Information shown –
----------------------------------------

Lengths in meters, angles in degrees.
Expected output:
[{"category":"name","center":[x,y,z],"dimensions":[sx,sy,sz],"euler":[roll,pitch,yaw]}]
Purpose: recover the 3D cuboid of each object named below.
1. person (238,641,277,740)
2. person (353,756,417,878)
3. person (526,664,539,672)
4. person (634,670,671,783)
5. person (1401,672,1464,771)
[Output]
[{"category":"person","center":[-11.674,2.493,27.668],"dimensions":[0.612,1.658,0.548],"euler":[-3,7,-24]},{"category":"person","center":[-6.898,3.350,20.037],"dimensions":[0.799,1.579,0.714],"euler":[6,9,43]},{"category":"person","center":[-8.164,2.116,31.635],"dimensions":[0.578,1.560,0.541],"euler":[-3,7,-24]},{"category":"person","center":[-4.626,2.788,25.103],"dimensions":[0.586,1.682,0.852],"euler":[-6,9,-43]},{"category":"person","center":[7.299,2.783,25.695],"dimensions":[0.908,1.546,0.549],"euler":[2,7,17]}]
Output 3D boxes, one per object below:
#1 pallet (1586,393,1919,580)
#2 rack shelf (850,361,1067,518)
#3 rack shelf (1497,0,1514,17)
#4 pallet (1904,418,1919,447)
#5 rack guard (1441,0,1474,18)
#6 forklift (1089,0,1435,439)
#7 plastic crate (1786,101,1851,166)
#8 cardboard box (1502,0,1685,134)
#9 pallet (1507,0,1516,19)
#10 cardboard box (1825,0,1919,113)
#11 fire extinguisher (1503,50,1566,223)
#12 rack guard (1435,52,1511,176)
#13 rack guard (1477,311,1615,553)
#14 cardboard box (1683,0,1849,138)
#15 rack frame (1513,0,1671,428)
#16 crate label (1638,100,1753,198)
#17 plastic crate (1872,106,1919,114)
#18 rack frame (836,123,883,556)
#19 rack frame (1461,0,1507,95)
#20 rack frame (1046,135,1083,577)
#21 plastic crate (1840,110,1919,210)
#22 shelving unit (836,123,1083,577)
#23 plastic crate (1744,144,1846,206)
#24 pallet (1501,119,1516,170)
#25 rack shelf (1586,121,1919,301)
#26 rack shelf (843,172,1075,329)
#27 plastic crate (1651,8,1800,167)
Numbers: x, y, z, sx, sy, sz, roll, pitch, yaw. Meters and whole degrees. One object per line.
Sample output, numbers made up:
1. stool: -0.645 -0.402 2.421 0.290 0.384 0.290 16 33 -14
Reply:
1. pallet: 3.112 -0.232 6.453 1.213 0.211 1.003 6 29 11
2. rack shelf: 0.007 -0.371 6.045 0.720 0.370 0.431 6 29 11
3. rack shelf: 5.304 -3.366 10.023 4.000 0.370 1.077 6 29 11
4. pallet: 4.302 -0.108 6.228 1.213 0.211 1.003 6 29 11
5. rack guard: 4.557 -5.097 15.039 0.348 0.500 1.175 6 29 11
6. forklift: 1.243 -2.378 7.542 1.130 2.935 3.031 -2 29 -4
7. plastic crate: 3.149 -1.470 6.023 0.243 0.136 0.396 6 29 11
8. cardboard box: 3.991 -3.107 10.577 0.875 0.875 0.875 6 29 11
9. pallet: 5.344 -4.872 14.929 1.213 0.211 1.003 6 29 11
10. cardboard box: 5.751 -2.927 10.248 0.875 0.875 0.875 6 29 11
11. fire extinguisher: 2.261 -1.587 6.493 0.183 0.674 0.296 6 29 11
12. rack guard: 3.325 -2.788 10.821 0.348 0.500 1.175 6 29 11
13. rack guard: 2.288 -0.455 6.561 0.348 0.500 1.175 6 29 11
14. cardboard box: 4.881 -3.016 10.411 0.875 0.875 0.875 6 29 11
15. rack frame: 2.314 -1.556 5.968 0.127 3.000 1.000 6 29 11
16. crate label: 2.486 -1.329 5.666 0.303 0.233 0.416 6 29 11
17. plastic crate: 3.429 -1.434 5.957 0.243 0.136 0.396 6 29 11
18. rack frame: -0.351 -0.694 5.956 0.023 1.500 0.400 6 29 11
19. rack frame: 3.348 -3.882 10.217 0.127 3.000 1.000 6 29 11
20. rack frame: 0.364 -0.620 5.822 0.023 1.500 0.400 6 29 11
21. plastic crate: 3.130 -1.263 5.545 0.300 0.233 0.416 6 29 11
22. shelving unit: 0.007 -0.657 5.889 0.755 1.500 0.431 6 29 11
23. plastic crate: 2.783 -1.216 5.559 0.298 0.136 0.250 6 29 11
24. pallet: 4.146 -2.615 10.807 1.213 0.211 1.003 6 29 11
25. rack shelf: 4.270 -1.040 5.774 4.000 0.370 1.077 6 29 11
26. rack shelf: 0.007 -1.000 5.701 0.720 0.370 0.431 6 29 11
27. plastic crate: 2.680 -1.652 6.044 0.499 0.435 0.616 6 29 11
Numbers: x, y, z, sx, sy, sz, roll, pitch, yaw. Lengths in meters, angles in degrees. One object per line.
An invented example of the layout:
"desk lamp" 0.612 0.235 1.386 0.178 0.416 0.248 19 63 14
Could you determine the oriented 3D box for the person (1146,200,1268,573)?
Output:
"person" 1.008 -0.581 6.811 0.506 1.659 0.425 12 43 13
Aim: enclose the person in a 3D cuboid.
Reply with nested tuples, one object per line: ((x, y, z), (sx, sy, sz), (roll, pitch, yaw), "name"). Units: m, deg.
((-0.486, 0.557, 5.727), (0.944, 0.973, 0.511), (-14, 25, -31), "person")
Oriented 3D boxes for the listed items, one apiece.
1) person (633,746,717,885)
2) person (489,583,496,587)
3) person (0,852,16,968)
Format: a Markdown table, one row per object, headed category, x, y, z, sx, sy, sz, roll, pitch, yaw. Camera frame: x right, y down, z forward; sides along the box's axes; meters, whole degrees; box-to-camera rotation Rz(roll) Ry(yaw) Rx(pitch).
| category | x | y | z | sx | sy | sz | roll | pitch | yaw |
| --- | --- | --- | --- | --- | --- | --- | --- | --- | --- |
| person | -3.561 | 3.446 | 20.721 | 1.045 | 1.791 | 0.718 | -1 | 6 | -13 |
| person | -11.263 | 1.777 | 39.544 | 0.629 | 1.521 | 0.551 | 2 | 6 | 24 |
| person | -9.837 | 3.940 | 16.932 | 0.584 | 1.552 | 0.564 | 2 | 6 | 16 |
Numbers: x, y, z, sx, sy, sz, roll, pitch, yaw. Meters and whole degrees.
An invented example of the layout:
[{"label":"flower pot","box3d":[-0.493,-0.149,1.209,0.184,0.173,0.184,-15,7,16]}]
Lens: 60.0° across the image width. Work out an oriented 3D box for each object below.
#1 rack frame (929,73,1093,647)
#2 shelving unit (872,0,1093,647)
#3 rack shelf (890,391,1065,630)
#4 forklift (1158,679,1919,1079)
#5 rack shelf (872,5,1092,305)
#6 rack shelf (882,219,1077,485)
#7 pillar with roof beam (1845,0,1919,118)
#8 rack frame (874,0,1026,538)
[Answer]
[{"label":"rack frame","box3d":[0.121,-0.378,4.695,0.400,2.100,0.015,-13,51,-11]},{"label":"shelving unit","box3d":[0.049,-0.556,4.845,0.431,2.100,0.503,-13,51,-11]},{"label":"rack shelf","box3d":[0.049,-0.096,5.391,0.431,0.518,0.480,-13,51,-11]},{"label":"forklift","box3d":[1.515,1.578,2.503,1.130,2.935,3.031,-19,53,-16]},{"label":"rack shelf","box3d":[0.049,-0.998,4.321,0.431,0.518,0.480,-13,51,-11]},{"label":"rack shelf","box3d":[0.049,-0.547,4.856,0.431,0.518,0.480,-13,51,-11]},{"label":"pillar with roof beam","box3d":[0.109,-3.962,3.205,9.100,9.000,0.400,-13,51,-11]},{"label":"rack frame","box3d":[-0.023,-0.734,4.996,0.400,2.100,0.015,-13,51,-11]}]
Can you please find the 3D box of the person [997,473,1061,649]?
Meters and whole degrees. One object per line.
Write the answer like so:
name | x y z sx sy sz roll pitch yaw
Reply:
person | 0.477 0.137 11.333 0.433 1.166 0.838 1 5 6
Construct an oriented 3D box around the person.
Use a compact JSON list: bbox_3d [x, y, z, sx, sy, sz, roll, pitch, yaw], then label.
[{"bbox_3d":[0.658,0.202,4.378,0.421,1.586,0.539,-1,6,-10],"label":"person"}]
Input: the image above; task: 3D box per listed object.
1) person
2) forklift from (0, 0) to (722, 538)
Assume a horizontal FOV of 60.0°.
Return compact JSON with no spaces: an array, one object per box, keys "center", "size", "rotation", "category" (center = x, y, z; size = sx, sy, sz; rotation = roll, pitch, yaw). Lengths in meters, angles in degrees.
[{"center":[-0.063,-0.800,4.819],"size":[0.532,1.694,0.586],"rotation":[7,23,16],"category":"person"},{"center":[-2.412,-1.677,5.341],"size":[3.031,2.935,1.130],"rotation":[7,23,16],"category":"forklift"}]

----------------------------------------

Task details –
From the entries above, restate word for word the lines from the line containing "#10 cardboard box (1825,0,1919,113)" to the line containing "1. stool: -0.645", both ends included, and nothing more.

Response below –
#10 cardboard box (1825,0,1919,113)
#11 fire extinguisher (1503,50,1566,223)
#12 rack guard (1435,52,1511,176)
#13 rack guard (1477,311,1615,553)
#14 cardboard box (1683,0,1849,138)
#15 rack frame (1513,0,1671,428)
#16 crate label (1638,100,1753,198)
#17 plastic crate (1872,106,1919,114)
#18 rack frame (836,123,883,556)
#19 rack frame (1461,0,1507,95)
#20 rack frame (1046,135,1083,577)
#21 plastic crate (1840,110,1919,210)
#22 shelving unit (836,123,1083,577)
#23 plastic crate (1744,144,1846,206)
#24 pallet (1501,119,1516,170)
#25 rack shelf (1586,121,1919,301)
#26 rack shelf (843,172,1075,329)
#27 plastic crate (1651,8,1800,167)
Numbers: x, y, z, sx, sy, sz, roll, pitch, yaw. Meters and whole degrees. One object per line.
Sample output, numbers made up:
1. stool: -0.645 -0.402 2.421 0.290 0.384 0.290 16 33 -14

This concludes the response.